- Merrimac Location in California Merrimac Merrimac (the United States)
- Coordinates: 39°45′58″N 121°18′27″W﻿ / ﻿39.76611°N 121.30750°W
- Country: United States
- State: California
- County: Butte
- Elevation: 3,999 ft (1,219 m)

= Merrimac, California =

Unincorporated community in California, United States

Merrimac (formerly, Merrimack, Pea Vine, and Peavine) was an unincorporated community in Butte County, California, United States, located along Oroville-Quincy Road, approximately 2.1 mi south of the Plumas County line at an elevation of 3999 feet (1219 m). Nearby is Rogers Cow Camp, a campground in Lassen National Forest.

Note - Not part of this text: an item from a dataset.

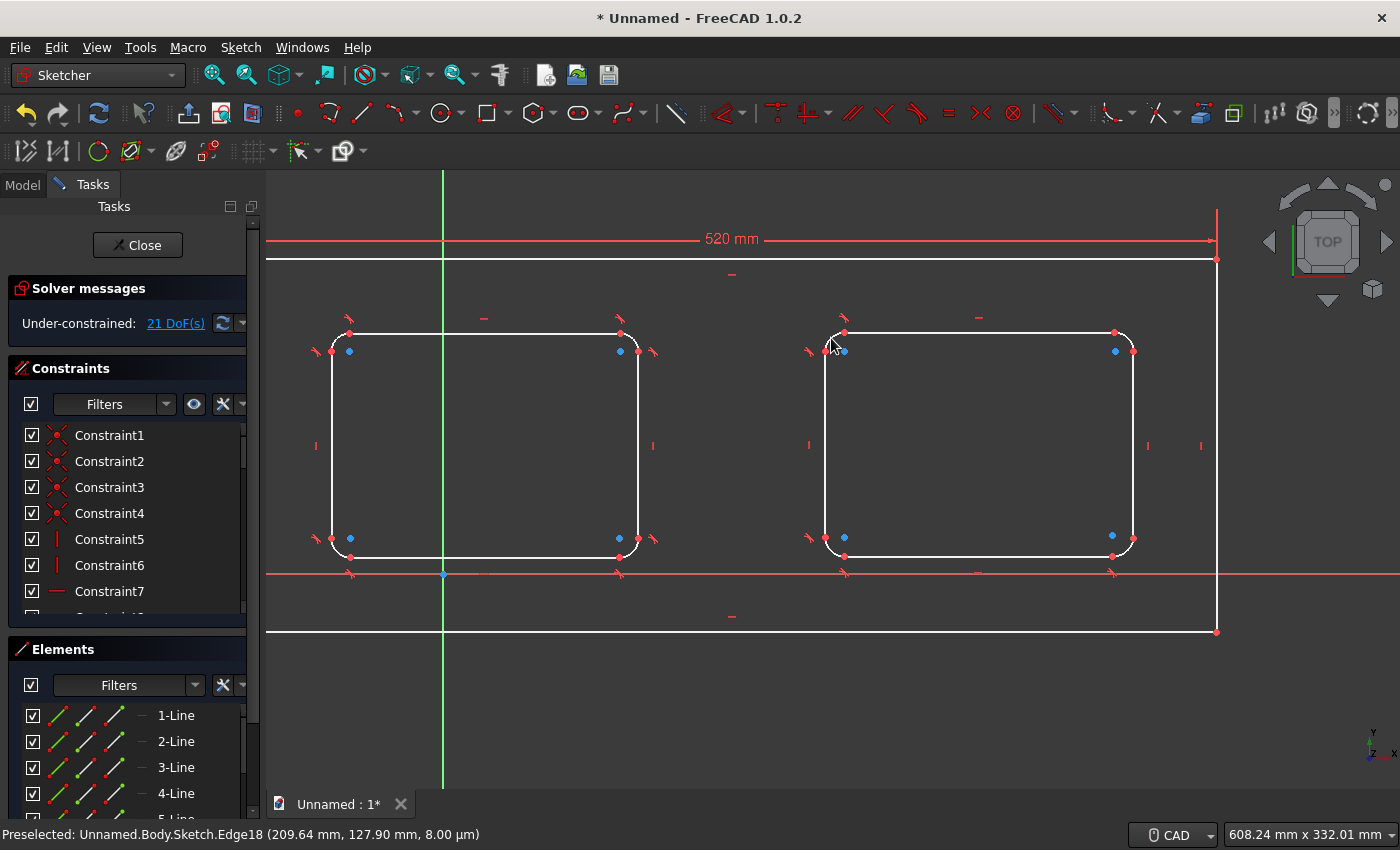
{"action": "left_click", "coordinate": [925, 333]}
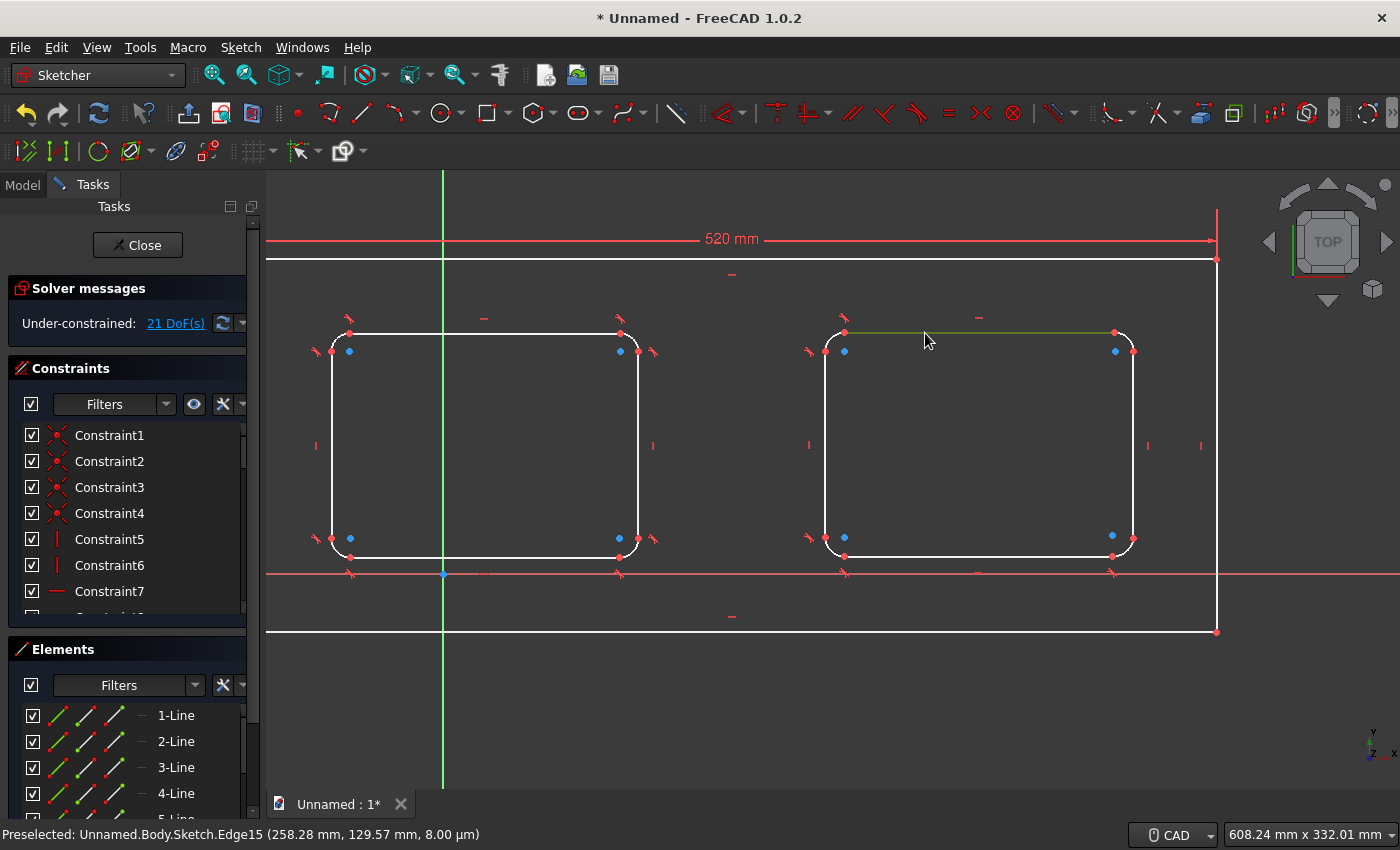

Merrimac was the site of a sawmill between 1870 and the early 1900s, and was the terminus of a narrow-gauge logging railroad. At its peak the town had 1800-2000 residents, a hotel, saloons, a bank, two blacksmiths, and a school. By 1955, only the hotel remained. When Plumas National Forest was established in 1905, Merrimac became the headquarters of the Merrimac Ranger District. The headquarters was moved to Brush Creek in 1930, but the name Merrimac Ranger District persisted until 1971.

The community was located along Oroville-Quincy Road between the towns of Buckeye and Junction House. As the name implies, the road continues to intersect with State Route 70 in Quincy. This road is also called Forest Service Road 119. Merrimac does not appear on the 1958 State of California highway map.

The Pea Vine post office operated from 1856 to 1864. The Merrimac post office operated from 1883 to 1902 and 1915 to 1934.